The DOD High-Performance Computing Challenge is sponsoring two relevant projects: a high-resolution coupled atmosphere-ocean-ice model, the Coupled Environmental Model Prediction (CEMP) system; and a 1/32-degree global ocean nowcast/forecast model. The Distributed Ocean Data System (DODS) is another NOPP-sponsored effort to facilitate data access by providing a transparent interface to recognize and process data in various formats. The DODS plug-and-play feature simplifies access via the Internet. DODS software is free. Data and model output fields are available from the Global Ocean Data Assimilation Experiment (GODAE) server at the Fleet Numerical Meteorological and Oceanographic Center. Further information on research programs is also available at the Office of Naval Research, the U.S. Army Cold Regions Research and Engineering Lab, and the NOPP web sites.
Global Water Cycle
WindSat was
launched 6 January 2003, on the Space
Test Program Coriolis Mission to
demonstrate multiple naval remote-sensing requirements, including measuring
ocean wind speed and direction. WindSat will illustrate the viability of
using polarimetry to measure wind speed and direction from space and provide
operationally usable tactical information directly to Navy units and other
military and national users. The payload provides risk reduction data and
developmental technology that the National
Polar-Orbiting Operational Environmental Satellite System program office will use in the development of the Conical
Microwave Imager Sounder (CMIS).
Ecosystems
DOD science and technology investments include physical, chemical, biological, optical modeling, and prediction for the marine environment. In addition, several research efforts are coordinated under the NOPP umbrella. For example, the Ocean
Biological Information System is a public-private partnership and a new component of the Global
Biodiversity Information Facility. Navy is directly investing in the development of new, in-water instruments capable of measuring biological and chemical properties of the sea associated with the fine structure of biological and chemical dynamics via the Thin
Layers (Critical Scales) program. The Strategic
Environmental Research and Development Program is supporting related research to develop long-lived miniaturized sensors to measure terrestrial and marine ecosystem parameters.

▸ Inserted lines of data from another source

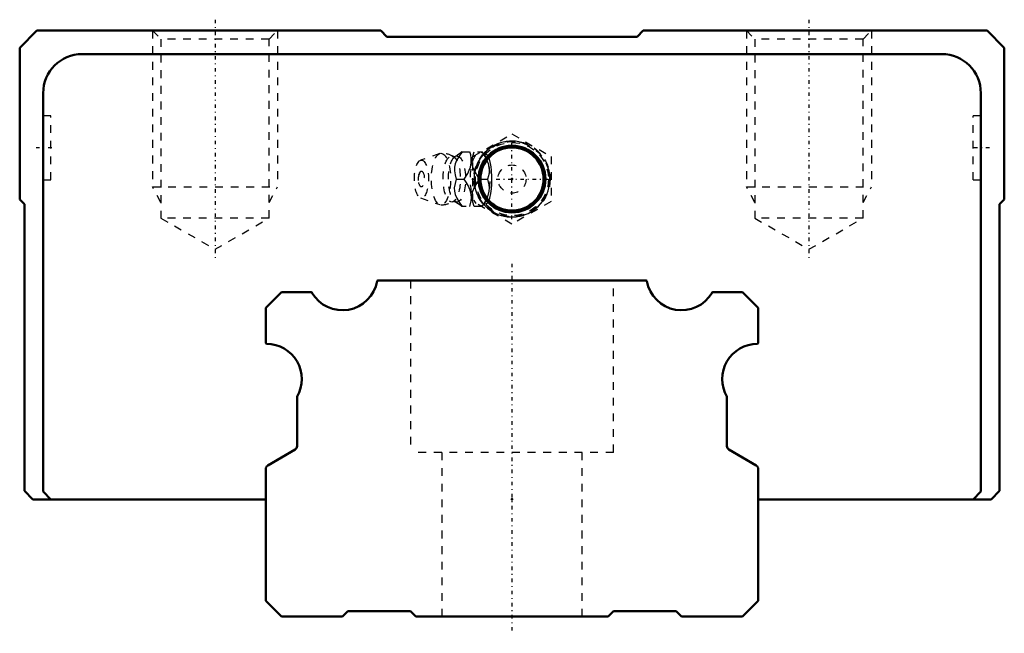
# Model space of a CAD drawing. Header units: millimetres. Extents: x -63 to 63, y -2 to 76.
import ezdxf

# ---------------------------------------------------------------- set-up
doc = ezdxf.new("R2010")
doc.units = ezdxf.units.MM
doc.linetypes.add('Center', pattern=[1.5, 0.45, -0.5, 0.05, -0.5])
doc.linetypes.add('Dashed', pattern=[2, 1, -1])
for name, color, linetype, lineweight in [('2d ConnectionPoints', 7, 'Continuous', 50), ('AM_0', 7, 'Continuous', 50), ('AM_5', 3, 'Continuous', 25), ('AM_7', 7, 'Center', 25), ('AM_9', 6, 'Dashed', 25)]:
    doc.layers.add(name, color=color, linetype=linetype, lineweight=lineweight)

# ---------------------------------------------------------------- blocks, each defined once
blk = doc.blocks.new('1_B_PT1_8_grease_nipple_joint1_SVR_0_in_SVS65LR1SS1270LG350BPT185120001_2')
at = {"layer": 'AM_5', "linetype": 'Dashed'}
blk.add_arc((0, 56), 4.28, 75, 15, dxfattribs=at)
at = {"layer": 'AM_7'}
for p, q in [((0, 50.88), (0, 61.12)), ((-5.12, 56), (5.12, 56))]:
    blk.add_line(p, q, dxfattribs=at)
at = {"layer": 'AM_9'}
for p, q in [((-5, 58.89), (0, 61.77)), ((0, 61.77), (5, 58.89)), ((-9.25, 59.27), (-11.71, 58.4)), ((-6.42, 59.5), (-3.85, 59.5)), ((-3.56, 59.15), (-3.85, 59.5)), ((-5, 53.11), (-5, 58.89)), ((5, 58.89), (5, 53.11)), ((-7.13, 56), (-6.14, 56)), ((-4.1, 56), (-3.12, 56)), ((-11.71, 53.6), (-9.25, 52.73)), ((0, 50.23), (-5, 53.11)), ((5, 53.11), (0, 50.23)), ((-3.85, 52.5), (-6.42, 52.5)), ((-3.85, 52.5), (-3.56, 52.85))]:
    blk.add_line(p, q, dxfattribs=at)
for points in [[(-6.37, 59.5), (-6.77, 58.95), (-7.11, 58.37), (-7.28, 57.96), (-7.37, 57.54), (-7.37, 57.04), (-7.29, 56.55), (-7.13, 56)], [(-6.41, 59.51), (-6.45, 59.47), (-6.68, 59.27), (-6.99, 59.05), (-7.27, 58.88)], [(-6.14, 56), (-5.66, 56.73), (-5.47, 57.13), (-5.32, 57.53), (-5.21, 58.09), (-5.21, 58.66), (-5.28, 59.09), (-5.39, 59.5)], [(-4.1, 56), (-4.5, 56.55), (-4.84, 57.13), (-5.01, 57.54), (-5.1, 57.96), (-5.1, 58.46), (-5.02, 58.95), (-4.86, 59.5)], [(-3.87, 59.5), (-3.39, 58.77), (-3.2, 58.37), (-3.05, 57.97), (-2.94, 57.41), (-2.94, 56.84), (-3, 56.41), (-3.12, 56)], [(-7.26, 58.88), (-7.29, 58.87), (-7.36, 58.86), (-7.45, 58.87), (-7.48, 58.88)], [(-3.56, 52.84), (-3.51, 52.82), (-3.38, 52.81), (-3.25, 52.86), (-3.13, 52.96), (-3.02, 53.12), (-2.84, 53.56), (-2.71, 54.16), (-2.64, 54.73), (-2.6, 55.32), (-2.59, 56.23), (-2.63, 57.14), (-2.67, 57.57), (-2.73, 57.99), (-2.82, 58.38), (-2.93, 58.71), (-3.05, 58.93), (-3.19, 59.09), (-3.43, 59.19), (-3.56, 59.16)], [(-7.13, 56), (-7.29, 55.45), (-7.38, 54.87), (-7.37, 54.46), (-7.28, 54.04), (-7.06, 53.54), (-6.77, 53.05), (-6.37, 52.5)], [(-5.39, 52.5), (-5.22, 53.23), (-5.2, 53.63), (-5.22, 54.03), (-5.36, 54.59), (-5.6, 55.16), (-5.85, 55.59), (-6.14, 56)], [(-4.86, 52.5), (-5.02, 53.05), (-5.11, 53.63), (-5.1, 54.04), (-5.01, 54.46), (-4.8, 54.96), (-4.5, 55.45), (-4.1, 56)], [(-3.12, 56), (-2.95, 55.27), (-2.93, 54.87), (-2.95, 54.47), (-3.09, 53.91), (-3.33, 53.34), (-3.58, 52.91), (-3.87, 52.5)], [(-7.48, 53.12), (-7.48, 53.12), (-7.43, 53.14), (-7.35, 53.14), (-7.28, 53.13), (-7.26, 53.12)], [(-7.27, 53.12), (-7.22, 53.1), (-6.9, 52.89), (-6.63, 52.69), (-6.42, 52.5), (-6.41, 52.5)]]:
    blk.add_lwpolyline(points, dxfattribs=at)
for radius in [4.88, 4.86, 4.8, 4.67, 4.06, 1.8]:
    blk.add_circle((0, 56), radius, dxfattribs=at)
for centre, radius, start, end in [((-9.09, 56), 3.3, 60.8606, 90), ((-10.18, 56), 1.82, 153.7155, 206.2845), ((-9.09, 56), 3.3, 270, 299.1394)]:
    blk.add_arc(centre, radius, start, end, dxfattribs=at)
for centre, major_axis in [((-9.09, 56), (0, 3.3)), ((-11.59, 56), (0, 2.42)), ((-7.71, 56), (0, 2.94)), ((-7.04, 56), (0, 2.94)), ((-11.59, 56), (0, 1.01))]:
    blk.add_ellipse(centre, major_axis=major_axis, ratio=0.374607, dxfattribs=at)
for major_axis, start_param, end_param in [((0, 3.44), 5.871519, 6.288916), ((0, 3.44), 0.434797, 2.707526), ((0, -3.44), 0.411667, 2.729926), ((0, 3.44), 3.136114, 3.553259)]:
    blk.add_ellipse((-4.08, 56), major_axis=major_axis, ratio=0.374607, start_param=start_param, end_param=end_param, dxfattribs=at)
blk = doc.blocks.new('2_SVR_65LR1SSB_PT1_81_Slide_0_in_SVS65LR1SS1270LG350BPT185120001_2')
at = {"layer": 'AM_0'}
for p, q in [((-60.8, 75), (-63, 72.8)), ((-16.8, 75), (-60.8, 75)), ((-16, 74.2), (-16.8, 75)), ((16.8, 75), (16, 74.2)), ((60.8, 75), (16.8, 75)), ((63, 72.8), (60.8, 75)), ((16, 74.2), (-16, 74.2)), ((-63, 72.8), (-63, 53.4)), ((55, 72), (-55, 72)), ((63, 53.4), (63, 72.8)), ((-60, 67), (-60, 16)), ((60, 16), (60, 67)), ((-63, 53.4), (-62.4, 52.8)), ((62.4, 52.8), (63, 53.4)), ((-62.4, 52.8), (-62.4, 16.1)), ((62.4, 16.1), (62.4, 52.8)), ((-62.4, 16.1), (-61.3, 15)), ((-60, 16), (-59, 15)), ((59, 15), (60, 16)), ((61.3, 15), (62.4, 16.1)), ((-61.3, 15), (-31.5, 15)), ((31.5, 15), (61.3, 15))]:
    blk.add_line(p, q, dxfattribs=at)
for radius in [4.27, 4.04]:
    blk.add_circle((0, 56), radius, dxfattribs=at)
for centre, start, end in [((-55, 67), 90, 180), ((55, 67), 0, 90)]:
    blk.add_arc(centre, 5, start, end, dxfattribs=at)
at = {"layer": 'AM_5', "linetype": 'Dashed'}
for p, q in [((-46, 75), (-46, 55)), ((-30, 75), (-30, 55)), ((30, 75), (30, 55)), ((46, 75), (46, 55)), ((-44.92, 53), (-46, 55)), ((-46, 55), (-30, 55)), ((-31.08, 53), (-30, 55)), ((31.08, 53), (30, 55)), ((30, 55), (46, 55)), ((44.92, 53), (46, 55))]:
    blk.add_line(p, q, dxfattribs=at)
at = {"layer": 'AM_5'}
blk.add_arc((0, 56), 4.86, 75, 15, dxfattribs=at)
at = {"layer": 'AM_7'}
for p, q in [((-38, 76.4), (-38, 45.61)), ((38, 76.4), (38, 45.61)), ((-58.9, 60), (-61.1, 60)), ((61.1, 60), (58.9, 60))]:
    blk.add_line(p, q, dxfattribs=at)
at = {"layer": 'AM_9'}
for p, q in [((-46, 75), (-44.92, 73.92)), ((-31.08, 73.92), (-30, 75)), ((30, 75), (31.08, 73.92)), ((44.92, 73.92), (46, 75)), ((-44.92, 73.92), (-44.92, 51)), ((-31.08, 73.92), (-44.92, 73.92)), ((-31.08, 51), (-31.08, 73.92)), ((31.08, 73.92), (31.08, 51)), ((44.92, 73.92), (31.08, 73.92)), ((44.92, 51), (44.92, 73.92)), ((-59, 64.1), (-60, 64.1)), ((-59, 55.9), (-59, 64.1)), ((59, 55.9), (59, 64.1)), ((60, 64.1), (59, 64.1)), ((-60, 55.9), (-59, 55.9)), ((59, 55.9), (60, 55.9)), ((-31.08, 51), (-44.92, 51)), ((-44.92, 51), (-38, 47.01)), ((-38, 47.01), (-31.08, 51)), ((31.08, 51), (38, 47.01)), ((44.92, 51), (31.08, 51)), ((38, 47.01), (44.92, 51))]:
    blk.add_line(p, q, dxfattribs=at)
blk = doc.blocks.new('3_SVR_65LR127035_R_Track_0_in_SVS65LR1SS1270LG350BPT185120001_2')
at = {"layer": 'AM_0'}
for p, q in [((17.17, 43), (-17.17, 43)), ((-29.5, 41.5), (-31.5, 39.5)), ((-25.68, 41.5), (-29.5, 41.5)), ((29.5, 41.5), (25.68, 41.5)), ((31.5, 39.5), (29.5, 41.5)), ((-31.5, 39.5), (-31.5, 35)), ((31.5, 35), (31.5, 39.5)), ((-27.5, 28.16), (-27.5, 21.8)), ((27.5, 21.8), (27.5, 28.16)), ((-27.75, 21.37), (-31.25, 19.33)), ((31.25, 19.33), (27.75, 21.37)), ((-31.5, 18.9), (-31.5, 2)), ((31.5, 2), (31.5, 18.9)), ((-31.5, 2), (-29.5, 0)), ((29.5, 0), (31.5, 2)), ((-29.5, 0), (-21.7, 0)), ((-21.7, 0), (-21.01, 0.7)), ((-21.01, 0.7), (-12.99, 0.7)), ((-12.99, 0.7), (-12.3, 0)), ((-12.3, 0), (12.3, 0)), ((12.3, 0), (12.99, 0.7)), ((12.99, 0.7), (21.01, 0.7)), ((21.01, 0.7), (21.7, 0)), ((21.7, 0), (29.5, 0))]:
    blk.add_line(p, q, dxfattribs=at)
for centre, radius, start, end in [((-21.7, 43.7), 4.5, 210, 349.9846), ((-17.17, 42.9), 0.1, 90, 169.9846), ((17.17, 42.9), 0.1, 10.0154, 90), ((21.7, 43.7), 4.5, 190.0154, 330), ((-25.68, 41.4), 0.1, 30, 90), ((25.68, 41.4), 0.1, 90, 150), ((-31.4, 35), 0.1, 180, 270), ((-31.4, 30.4), 4.5, 330.0736, 90), ((31.4, 30.4), 4.5, 90, 209.9264), ((31.4, 35), 0.1, 270, 360), ((-28, 21.8), 0.5, 300.1623, 0), ((28, 21.8), 0.5, 180, 239.8377), ((-31, 18.9), 0.5, 120.1623, 180), ((31, 18.9), 0.5, 0, 59.8377)]:
    blk.add_arc(centre, radius, start, end, dxfattribs=at)
at = {"layer": 'AM_7'}
blk.add_line((0, 45.15), (0, -2.15), dxfattribs=at)
at = {"layer": 'AM_9'}
for p, q in [((-13, 43), (-13, 21)), ((13, 21), (13, 43)), ((13, 21), (-13, 21)), ((-9, 21), (-9, 0)), ((9, 0), (9, 21))]:
    blk.add_line(p, q, dxfattribs=at)

msp = doc.modelspace()

# ---------------------------------------------------------------- linework, layer by layer
at = {"layer": '2d ConnectionPoints'}
for p in [(0, 56), (0, 56), (0, 15), (0, 15), (0, 0), (0, 0)]:
    msp.add_point(p, dxfattribs=at)

# ---------------------------------------------------------------- block references
for name in ['2_SVR_65LR1SSB_PT1_81_Slide_0_in_SVS65LR1SS1270LG350BPT185120001_2', '1_B_PT1_8_grease_nipple_joint1_SVR_0_in_SVS65LR1SS1270LG350BPT185120001_2', '3_SVR_65LR127035_R_Track_0_in_SVS65LR1SS1270LG350BPT185120001_2']:
    msp.add_blockref(name, (0, 0))

doc.saveas('drawing.dxf')

Related Research and Infrastructure
Other DOD-sponsored research and supporting infrastructure, not described above, also contribute to observing, understanding, and predicting environmental processes related to global change. Associated research programs include theoretical studies and observations of solar phenomena, monitoring and modeling of unique features in the middle and upper atmosphere, terrestrial and marine environmental quality research, and energy conservation measures. DOD’s continued investment in environmental infrastructure—such as the Oceanographic Research Vessel Fleet, the Cold
Regions Research and Engineering Laboratory, and the various services’ operational oceanographic and meteorological computational centers—will continue to provide data and services useful to the CCSP.